Every line in the records below with the string "degrees" needs to be copied out.

[Data entries]

◇ ◇ ◇

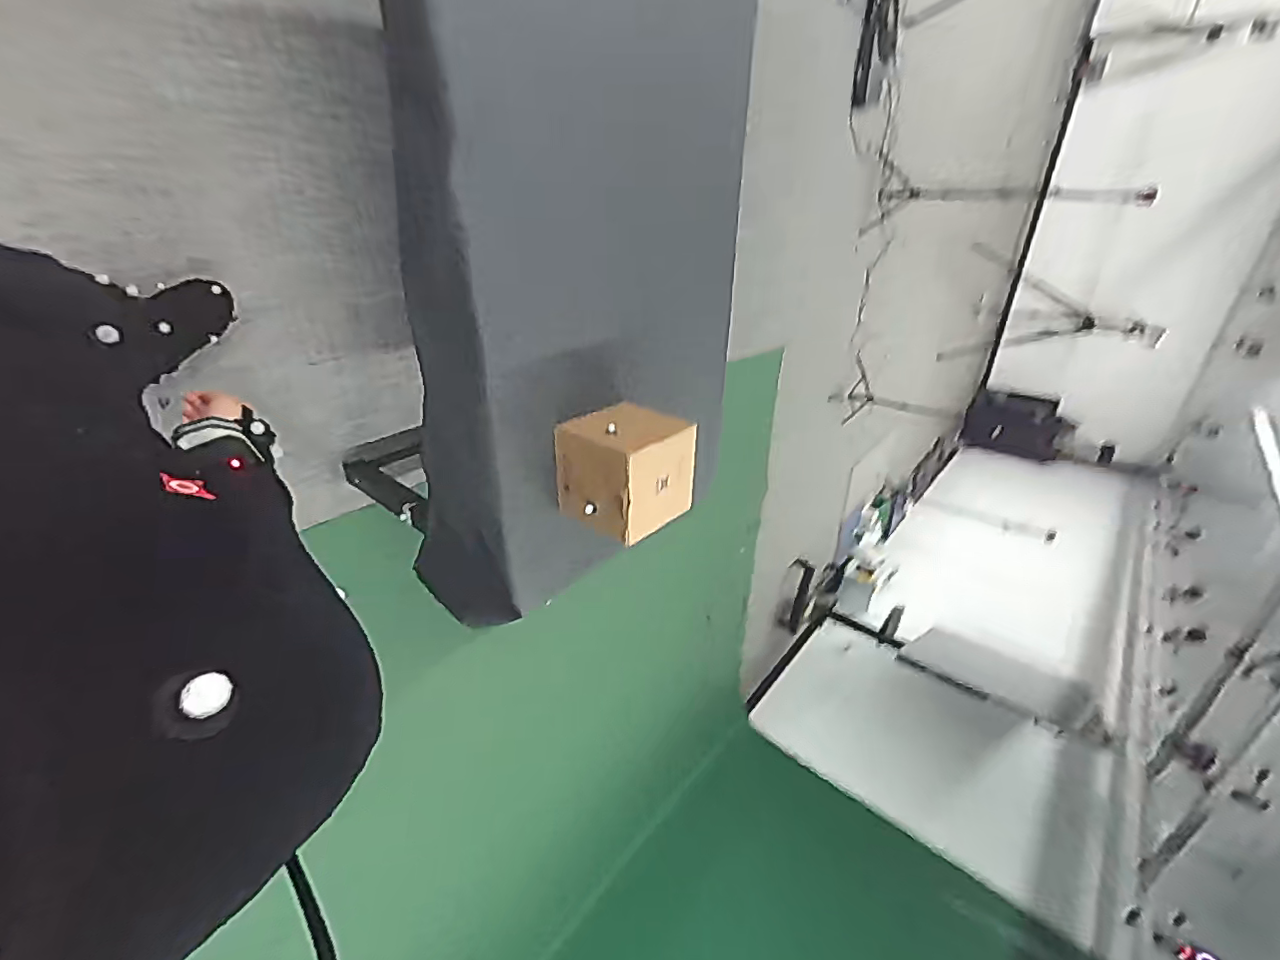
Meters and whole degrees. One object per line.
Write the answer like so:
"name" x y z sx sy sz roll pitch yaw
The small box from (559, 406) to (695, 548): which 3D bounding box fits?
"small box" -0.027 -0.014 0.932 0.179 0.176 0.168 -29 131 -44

◇ ◇ ◇

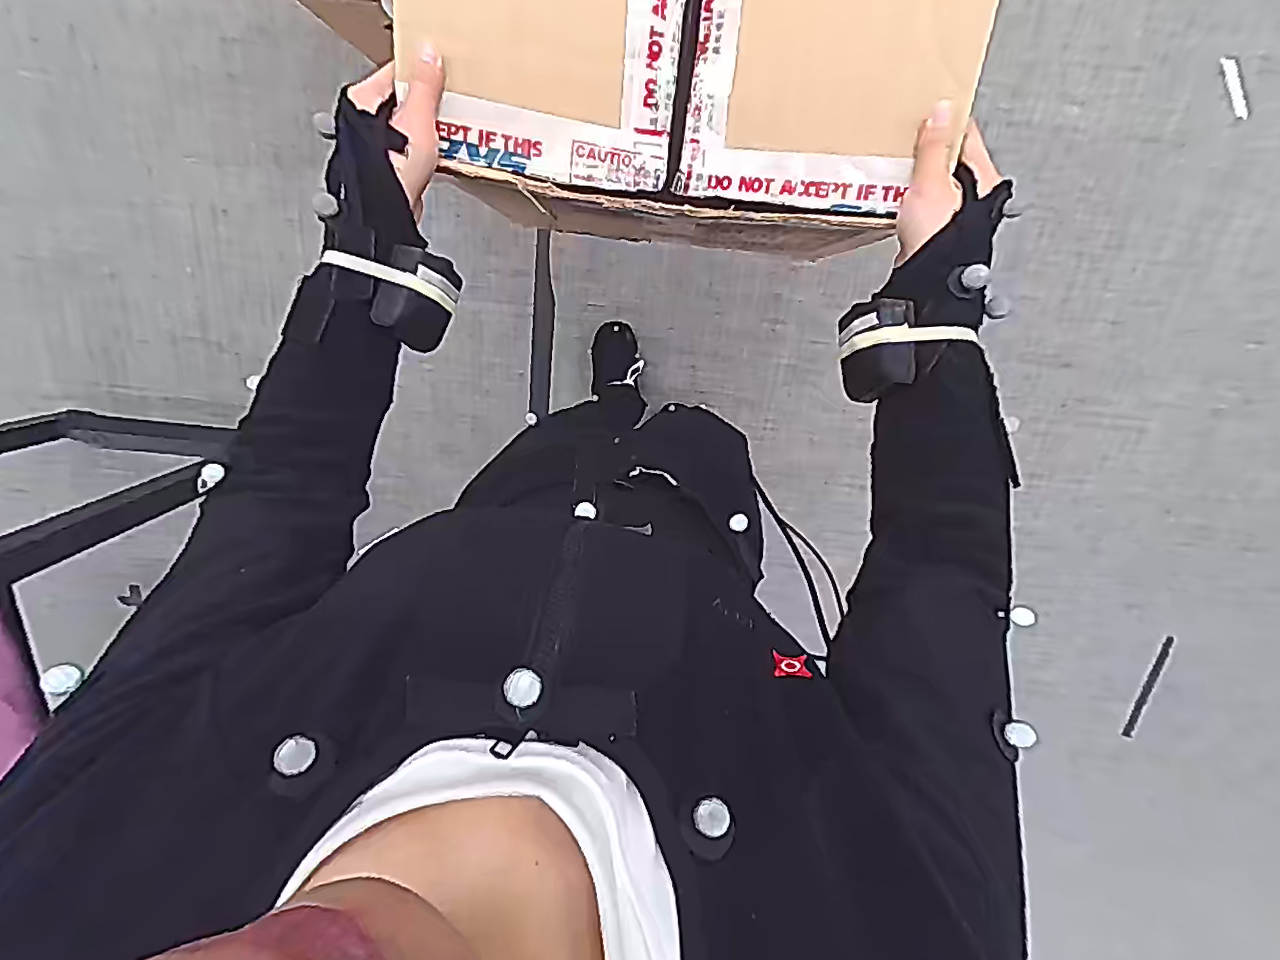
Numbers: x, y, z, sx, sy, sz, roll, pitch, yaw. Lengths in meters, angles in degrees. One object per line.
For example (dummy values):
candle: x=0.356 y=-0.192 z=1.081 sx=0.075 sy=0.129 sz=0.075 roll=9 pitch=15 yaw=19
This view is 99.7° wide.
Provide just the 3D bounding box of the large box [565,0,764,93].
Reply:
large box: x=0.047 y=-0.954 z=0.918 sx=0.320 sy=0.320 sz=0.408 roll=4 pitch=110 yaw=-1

◇ ◇ ◇

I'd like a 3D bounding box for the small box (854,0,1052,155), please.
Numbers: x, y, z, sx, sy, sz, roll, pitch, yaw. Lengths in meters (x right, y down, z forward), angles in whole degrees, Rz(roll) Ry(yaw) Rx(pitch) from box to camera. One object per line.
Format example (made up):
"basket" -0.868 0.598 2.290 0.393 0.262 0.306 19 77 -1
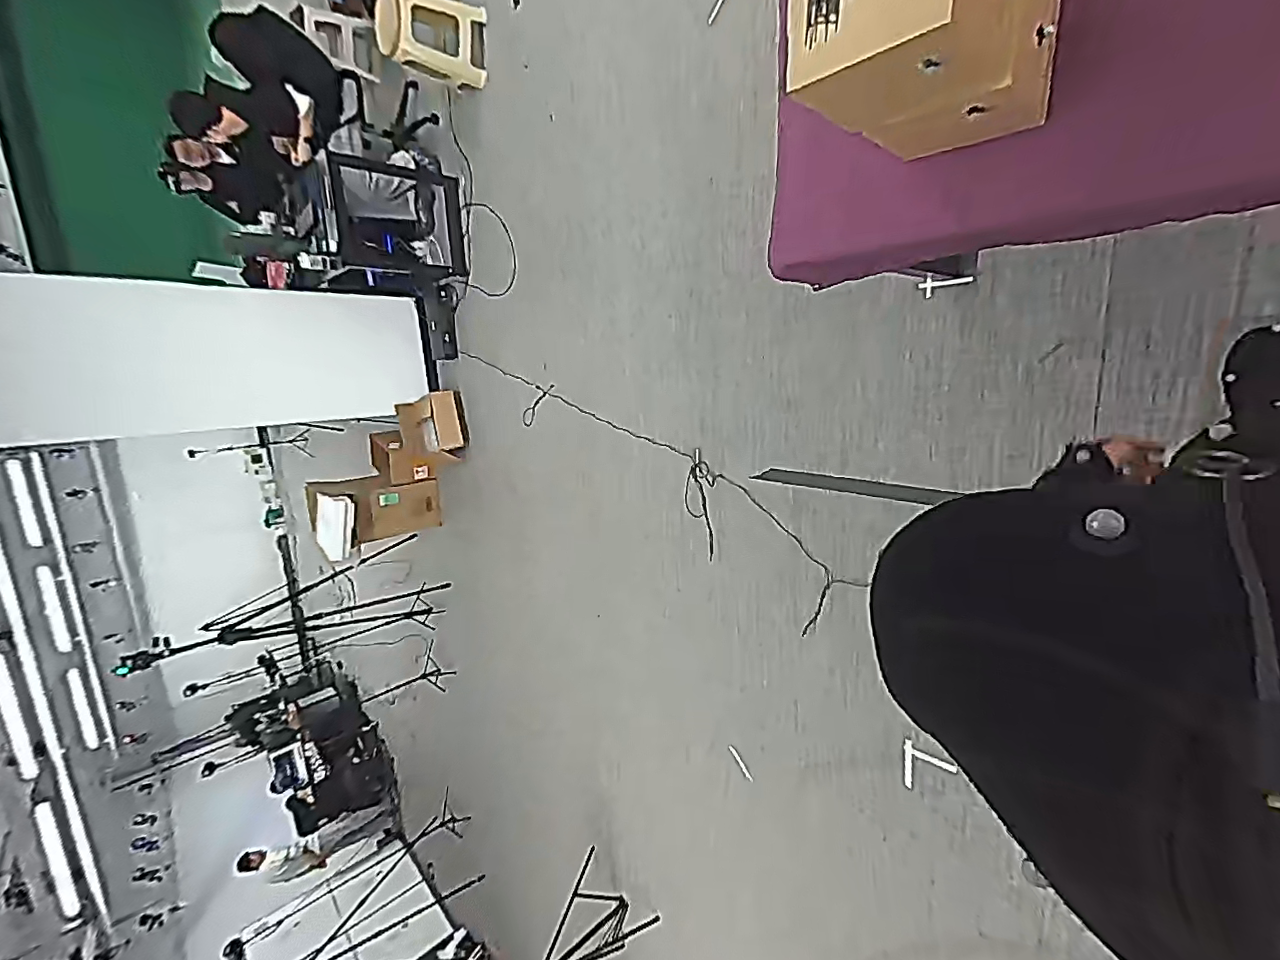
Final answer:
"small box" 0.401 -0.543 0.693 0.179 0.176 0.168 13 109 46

◇ ◇ ◇

:: RESPONSE AREA ::
Meters and whole degrees. One object per line.
Numbers: x, y, z, sx, sy, sz, roll, pitch, yaw. Lengths in meters, angles in degrees. One object per line.
Numbers: x, y, z, sx, sy, sz, roll, pitch, yaw. Lengths in meters (x right, y down, z forward), angles in whole degrees, Rz(roll) Ry(yaw) Rx(pitch) from box to camera. One object per line.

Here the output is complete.